Work required: What you return should match the data below exactly, with no pictures in it.

Information shown:
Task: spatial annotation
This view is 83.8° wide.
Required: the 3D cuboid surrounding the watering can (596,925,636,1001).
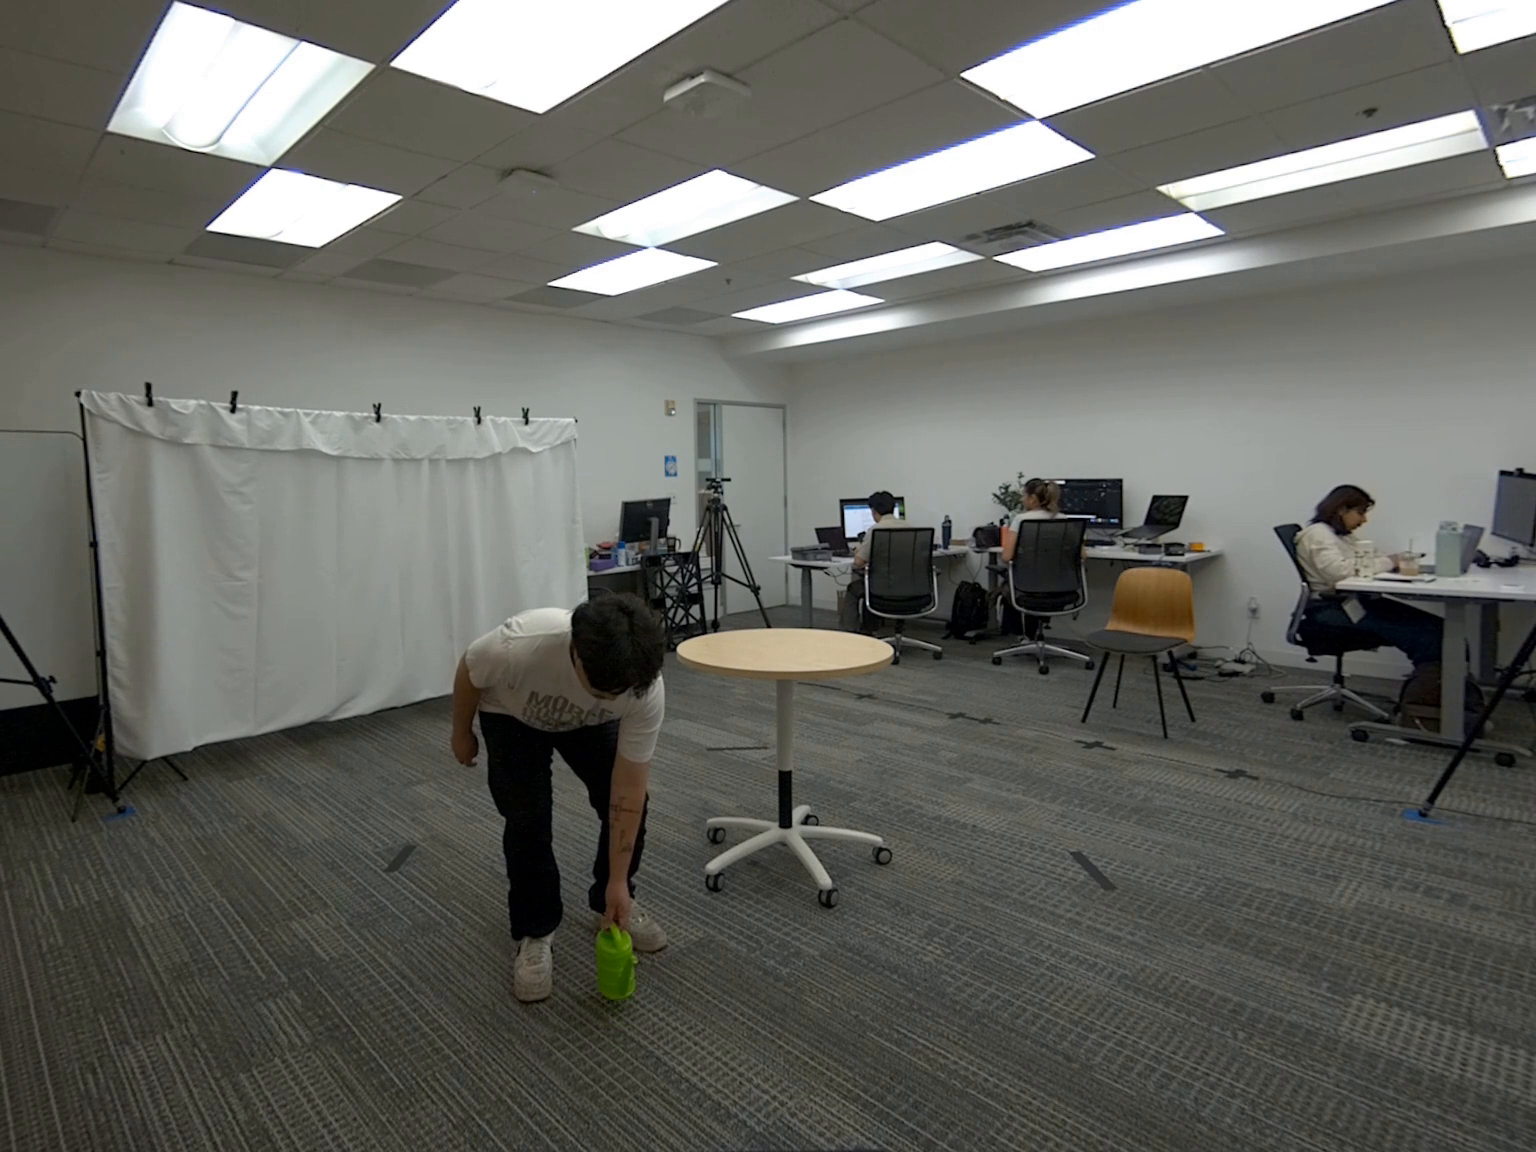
[{"bbox_3d":[-0.384,1.020,2.224,0.097,0.177,0.280,-2,1,-7],"label":"watering can"}]

Solution to this task:
Task: spatial annotation
This view is 83.8° wide.
Required: the 3D cuboid surrounding the watering can (596,925,636,1001).
[{"bbox_3d":[-0.384,1.020,2.224,0.097,0.177,0.280,-2,1,-7],"label":"watering can"}]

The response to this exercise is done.